For our data we'll first utilize TabularPandas for pre-processing. One potential is to use TabularPandas for pre-processing only, or to integrate NumPy directly into it

path = untar_data(URLs.ADULT_SAMPLE)
df = pd.read_csv(path/'adult.csv')
cat_names = ['workclass', 'education', 'marital-status', 'occupation', 'relationship', 'race']
cont_names = ['age', 'fnlwgt', 'education-num']
procs = [Categorify, FillMissing, Normalize]
y_names = 'salary'
splits = RandomSplitter()(range_of(df))

We'll still build our regular TabularPandas, as we haven't done any NumPy modifications yet

to = TabularPandas(df, procs=procs, cat_names=cat_names, cont_names=cont_names,
                   y_names=y_names, splits=splits)
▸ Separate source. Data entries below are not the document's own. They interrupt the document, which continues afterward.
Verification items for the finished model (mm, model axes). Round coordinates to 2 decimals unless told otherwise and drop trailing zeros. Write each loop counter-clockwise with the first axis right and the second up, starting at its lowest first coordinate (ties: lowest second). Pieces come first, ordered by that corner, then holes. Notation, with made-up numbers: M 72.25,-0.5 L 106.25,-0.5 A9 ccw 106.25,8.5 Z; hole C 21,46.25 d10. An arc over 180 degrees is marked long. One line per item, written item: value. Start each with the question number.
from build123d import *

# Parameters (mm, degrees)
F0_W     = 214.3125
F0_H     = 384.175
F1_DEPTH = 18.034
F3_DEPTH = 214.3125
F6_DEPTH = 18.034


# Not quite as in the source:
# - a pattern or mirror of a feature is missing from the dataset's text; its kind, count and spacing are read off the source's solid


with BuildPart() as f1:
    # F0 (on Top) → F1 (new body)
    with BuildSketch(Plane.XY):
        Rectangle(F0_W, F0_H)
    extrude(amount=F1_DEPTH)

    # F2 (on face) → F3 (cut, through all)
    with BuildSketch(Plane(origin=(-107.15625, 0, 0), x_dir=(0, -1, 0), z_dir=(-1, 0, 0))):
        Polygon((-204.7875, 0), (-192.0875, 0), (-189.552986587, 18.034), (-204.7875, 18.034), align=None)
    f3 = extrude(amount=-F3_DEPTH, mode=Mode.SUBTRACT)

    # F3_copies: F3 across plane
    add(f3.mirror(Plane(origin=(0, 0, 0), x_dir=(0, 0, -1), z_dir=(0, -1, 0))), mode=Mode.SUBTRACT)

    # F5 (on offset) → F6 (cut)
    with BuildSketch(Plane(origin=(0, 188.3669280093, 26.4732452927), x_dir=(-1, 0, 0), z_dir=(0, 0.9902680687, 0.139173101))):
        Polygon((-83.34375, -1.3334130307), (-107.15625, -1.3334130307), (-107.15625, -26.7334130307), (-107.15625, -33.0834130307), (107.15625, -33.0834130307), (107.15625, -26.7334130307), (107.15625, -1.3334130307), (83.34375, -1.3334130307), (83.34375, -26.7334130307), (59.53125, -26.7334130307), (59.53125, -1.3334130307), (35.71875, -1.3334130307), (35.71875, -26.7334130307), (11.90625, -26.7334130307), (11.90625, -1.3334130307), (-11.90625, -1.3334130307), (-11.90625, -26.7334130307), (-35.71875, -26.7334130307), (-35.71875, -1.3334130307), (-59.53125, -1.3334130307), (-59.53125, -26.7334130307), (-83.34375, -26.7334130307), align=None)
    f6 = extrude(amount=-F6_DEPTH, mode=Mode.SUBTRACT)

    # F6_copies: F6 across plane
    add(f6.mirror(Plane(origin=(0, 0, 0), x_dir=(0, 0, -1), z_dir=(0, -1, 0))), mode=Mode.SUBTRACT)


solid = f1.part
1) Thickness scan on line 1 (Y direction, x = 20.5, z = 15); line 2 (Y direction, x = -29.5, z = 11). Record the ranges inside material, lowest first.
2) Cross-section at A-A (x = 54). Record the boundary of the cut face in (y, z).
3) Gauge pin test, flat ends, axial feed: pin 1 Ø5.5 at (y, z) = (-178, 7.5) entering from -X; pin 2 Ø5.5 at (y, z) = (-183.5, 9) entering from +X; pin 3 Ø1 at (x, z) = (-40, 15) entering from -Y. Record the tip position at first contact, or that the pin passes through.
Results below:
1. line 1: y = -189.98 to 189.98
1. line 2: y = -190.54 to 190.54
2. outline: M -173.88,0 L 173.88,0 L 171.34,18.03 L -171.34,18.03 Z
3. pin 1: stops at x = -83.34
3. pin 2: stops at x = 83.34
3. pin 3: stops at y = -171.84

class NumpyDataset[source]

NumpyDataset(to:TabularPandas)

A Numpy dataset object from TabularPandas

ds = NumpyDataset(to)
ds.bs = 3
a,b,c = ds[[0]]
test_eq(len(a), 3)

class NumpyDataLoader[source]

NumpyDataLoader(dataset, bs=1, **kwargs) :: DataLoader

Inherit from this to have all attr accesses in self._xtra passed down to self.default

dl = NumpyDataLoader(ds, bs=3)
batch = next(iter(dl))
test_eq(len(dl), len(ds)//3+1)

NumpyDataLoader.shuffle_fn[source]

NumpyDataLoader.shuffle_fn(x:NumpyDataLoader)
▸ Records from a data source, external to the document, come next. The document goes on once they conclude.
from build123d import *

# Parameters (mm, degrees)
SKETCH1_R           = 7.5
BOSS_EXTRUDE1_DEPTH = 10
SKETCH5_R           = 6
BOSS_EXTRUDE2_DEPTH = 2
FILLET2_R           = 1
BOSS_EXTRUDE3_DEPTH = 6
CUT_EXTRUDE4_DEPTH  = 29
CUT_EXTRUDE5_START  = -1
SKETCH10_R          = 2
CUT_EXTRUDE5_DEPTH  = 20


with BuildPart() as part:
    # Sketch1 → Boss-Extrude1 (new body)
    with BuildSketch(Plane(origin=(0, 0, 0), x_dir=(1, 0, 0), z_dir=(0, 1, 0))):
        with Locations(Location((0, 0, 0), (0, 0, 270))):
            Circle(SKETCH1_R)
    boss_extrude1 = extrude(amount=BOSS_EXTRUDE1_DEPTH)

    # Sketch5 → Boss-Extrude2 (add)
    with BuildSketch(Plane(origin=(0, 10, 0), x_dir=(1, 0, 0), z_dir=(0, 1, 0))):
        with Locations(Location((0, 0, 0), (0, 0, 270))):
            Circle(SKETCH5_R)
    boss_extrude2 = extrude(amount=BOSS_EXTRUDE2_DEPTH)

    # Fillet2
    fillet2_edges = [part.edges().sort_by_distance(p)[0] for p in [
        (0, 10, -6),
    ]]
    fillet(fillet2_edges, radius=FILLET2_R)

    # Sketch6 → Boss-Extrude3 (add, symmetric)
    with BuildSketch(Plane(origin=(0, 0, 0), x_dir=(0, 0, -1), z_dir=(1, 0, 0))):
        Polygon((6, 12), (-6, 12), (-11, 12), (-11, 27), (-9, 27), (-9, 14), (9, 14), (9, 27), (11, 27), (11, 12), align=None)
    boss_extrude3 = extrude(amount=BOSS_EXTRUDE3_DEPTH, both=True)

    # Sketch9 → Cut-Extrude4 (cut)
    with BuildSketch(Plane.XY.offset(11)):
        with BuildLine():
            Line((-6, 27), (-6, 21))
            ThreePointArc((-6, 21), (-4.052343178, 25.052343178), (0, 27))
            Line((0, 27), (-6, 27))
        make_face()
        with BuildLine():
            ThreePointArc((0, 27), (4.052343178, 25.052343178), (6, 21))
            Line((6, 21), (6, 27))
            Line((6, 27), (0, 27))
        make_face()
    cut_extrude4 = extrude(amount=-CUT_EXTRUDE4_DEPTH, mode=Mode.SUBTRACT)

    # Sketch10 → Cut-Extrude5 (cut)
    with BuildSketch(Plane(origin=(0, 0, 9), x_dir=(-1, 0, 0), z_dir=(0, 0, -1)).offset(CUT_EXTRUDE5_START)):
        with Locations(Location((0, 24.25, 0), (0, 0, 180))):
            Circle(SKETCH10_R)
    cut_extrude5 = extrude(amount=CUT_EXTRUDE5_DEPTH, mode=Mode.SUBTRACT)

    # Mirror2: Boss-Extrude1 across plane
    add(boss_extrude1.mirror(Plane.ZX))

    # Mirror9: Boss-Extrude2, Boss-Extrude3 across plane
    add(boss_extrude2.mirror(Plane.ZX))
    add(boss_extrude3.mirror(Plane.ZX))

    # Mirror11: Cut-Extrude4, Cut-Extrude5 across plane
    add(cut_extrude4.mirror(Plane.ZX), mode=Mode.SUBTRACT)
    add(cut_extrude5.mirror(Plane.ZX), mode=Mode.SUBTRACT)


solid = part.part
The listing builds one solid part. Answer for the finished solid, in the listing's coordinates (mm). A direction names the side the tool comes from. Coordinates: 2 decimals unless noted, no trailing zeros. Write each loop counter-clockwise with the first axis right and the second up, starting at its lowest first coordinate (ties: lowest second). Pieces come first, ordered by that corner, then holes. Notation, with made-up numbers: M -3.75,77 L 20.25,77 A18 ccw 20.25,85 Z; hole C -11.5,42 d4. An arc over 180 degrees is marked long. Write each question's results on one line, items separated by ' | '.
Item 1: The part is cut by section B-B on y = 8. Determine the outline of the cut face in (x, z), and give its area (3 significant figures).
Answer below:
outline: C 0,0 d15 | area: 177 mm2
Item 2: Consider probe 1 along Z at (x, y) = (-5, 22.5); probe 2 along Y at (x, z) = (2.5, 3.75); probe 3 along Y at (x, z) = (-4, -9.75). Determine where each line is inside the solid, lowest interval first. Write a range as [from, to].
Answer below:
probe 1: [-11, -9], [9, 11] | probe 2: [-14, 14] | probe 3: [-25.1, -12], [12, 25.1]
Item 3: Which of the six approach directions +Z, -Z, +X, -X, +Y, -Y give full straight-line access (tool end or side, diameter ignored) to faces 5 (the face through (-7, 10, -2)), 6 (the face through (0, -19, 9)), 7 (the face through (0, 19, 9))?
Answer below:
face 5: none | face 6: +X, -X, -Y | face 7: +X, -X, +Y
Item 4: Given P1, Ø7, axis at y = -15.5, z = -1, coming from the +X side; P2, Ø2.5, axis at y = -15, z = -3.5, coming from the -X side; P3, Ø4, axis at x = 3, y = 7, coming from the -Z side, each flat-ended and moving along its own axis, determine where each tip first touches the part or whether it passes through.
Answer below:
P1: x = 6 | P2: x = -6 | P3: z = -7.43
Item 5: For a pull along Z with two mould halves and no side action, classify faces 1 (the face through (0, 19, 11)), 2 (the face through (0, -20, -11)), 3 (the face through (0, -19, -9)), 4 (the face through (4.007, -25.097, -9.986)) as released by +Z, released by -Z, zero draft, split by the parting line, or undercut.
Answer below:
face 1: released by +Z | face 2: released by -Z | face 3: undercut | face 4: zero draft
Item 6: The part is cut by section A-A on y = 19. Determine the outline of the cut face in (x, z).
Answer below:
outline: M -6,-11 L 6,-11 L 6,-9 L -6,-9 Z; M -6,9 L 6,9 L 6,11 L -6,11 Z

Shuffle the interior dataset

NumpyDataLoader.get_idxs[source]

NumpyDataLoader.get_idxs(x:NumpyDataLoader)

Get index's to select

To ensure that we still see an improvement, we'll compare timings

train_ds = NumpyDataset(to.train)
valid_ds = NumpyDataset(to.valid)
train_dl = NumpyDataLoader(train_ds, bs=64, shuffle=True, drop_last=True)
valid_dl = NumpyDataLoader(valid_ds, bs=64)
dls = to.dataloaders(bs=64)
%%timeit
# Numpy
for _ in train_dl: pass
31.2 ms ± 35.8 µs per loop (mean ± std. dev. of 7 runs, 10 loops each)
%%timeit
# fastai
for _ in dls[0]: pass
1.02 s ± 784 µs per loop (mean ± std. dev. of 7 runs, 1 loop each)
%%timeit
# Numpy
for _ in valid_dl: pass
7.35 ms ± 12.8 µs per loop (mean ± std. dev. of 7 runs, 100 loops each)
%%timeit
# fastai
for _ in dls[1]: pass
250 ms ± 1.24 ms per loop (mean ± std. dev. of 7 runs, 1 loop each)

class NumpyDataLoaders[source]

NumpyDataLoaders(to, bs=64, val_bs=None, shuffle_train=True, device='cpu', **kwargs) :: DataLoaders

Basic wrapper around several DataLoaders.